Model 1: 0.924648786718
Model 2: 0.907407407407
Model 3: 0.92975734355
Model 4: 0.925287356322
Model 5: 0.932950191571

From the results, Model #5 performed the best. Random Forests can also provide an ordering of their input features by importance. This information can be used to retrain the classifier with only the top N features. I haven't tried this, but it may be worth trying out to see if results improve further. The top 5 features for each model was as follows.

Model 1 Top 5 Features: [60, 71, 61, 49, 50]
Model 2 Top 5 Features: [60, 57, 49, 46, 71]
Model 3 Top 5 Features: [181, 170, 60, 192, 61]
Model 4 Top 5 Features: [181, 192, 170, 60, 182]
Model 5 Top 5 Features: [181, 423, 412, 192, 60]
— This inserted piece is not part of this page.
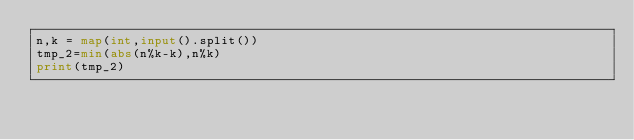<code> <loc_0><loc_0><loc_500><loc_500><_Python_>n,k = map(int,input().split())
tmp_2=min(abs(n%k-k),n%k)
print(tmp_2)
</code> 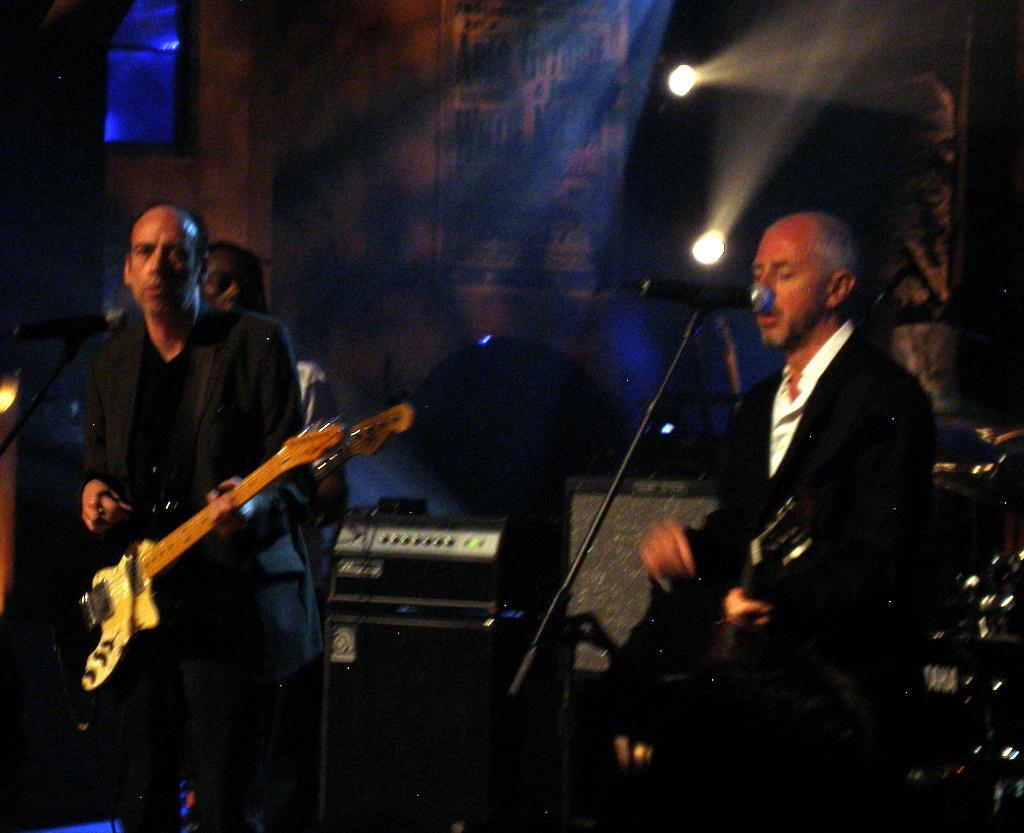In one or two sentences, can you explain what this image depicts? This picture is of inside. On the right there is a man wearing black color suit, standing, playing a musical instrument and singing. On the left there is another man standing and playing a guitar. There is a microphone attached to the stand and there are some musical instruments. In the background there is a curtain and the focusing lights and a person.

Finally, we plot the ROC (Reciever Operating Characteristic, basically a plot of False Positive Rate against True Positive Rate) curves for each of the 5 classifiers. The dotted line represents the baseline. Using the AUC (Area under the curve), Model 1 looks slightly better than Model 5. However, all the models look almost equally good, probably because it is a toy example.

Thats all I have for today. In the past, I hadn't looked at Random Forests too much because it is not that commonly used for text classification (although I suspect the reason for that may just be a historical preference for other methods).